This repository contains the code for the paper "Deep Reinforcement Learning for Two-sided Online Bipartite Matching in Collaborative Order Picking", accepted in the conference track of ACML2023. https://proceedings.mlr.press/v222/begnardi24a/begnardi24a.pdf
The following libraries are necessary to run the code:
- torch==1.12.1
- gymnasium==0.28.1
- pettingzoo==1.22.3
- tianshou==0.5.0
- pytorch-geometric==2.1.0
The adapted_tianshou directory contains files adapted from the original library. In particular:
-
pettingzoo_env
: The setting is not actually multi-agent, since decisions are taken sequentially from a centralized controller. We use PettingZoo only to keep track of rewards since we deal with actions with different (multistep) durations. To do this, the environment needs to return a single reward instead of a vector of rewards. -
collector_multiagent
: For the same reason as before, the training collector needs to be modified to store samples collected by multiple (virtual) agents with different durations. -
pg_multihead
,a2c_multihead
,ppo_multihead
: Necessary to handle action distribution sampling in the multi-head action pipeline during training.

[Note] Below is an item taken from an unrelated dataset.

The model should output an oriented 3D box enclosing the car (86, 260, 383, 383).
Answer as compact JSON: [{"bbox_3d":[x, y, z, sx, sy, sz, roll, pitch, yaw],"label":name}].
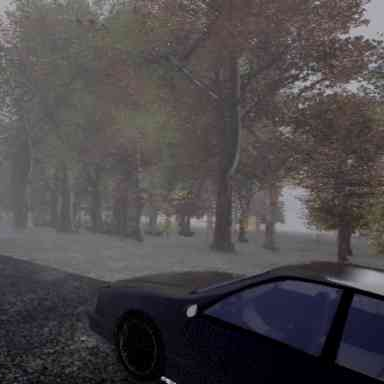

- The file grid_world.py contains the simulation environment used to train and test the models;
- The files ppo_training_xx.py, where xx in ['na', 'ea', 'mh'] represents the action space, can be used to train a new model;
- The files ppo_evaluation_xx.py, where xx is the same as above, can be used to test the trained models;
- The file heuristics.py contains the implementation of the heuristics used to benchmark our methods.
- The directory models contains the trained models evaluated in the paper.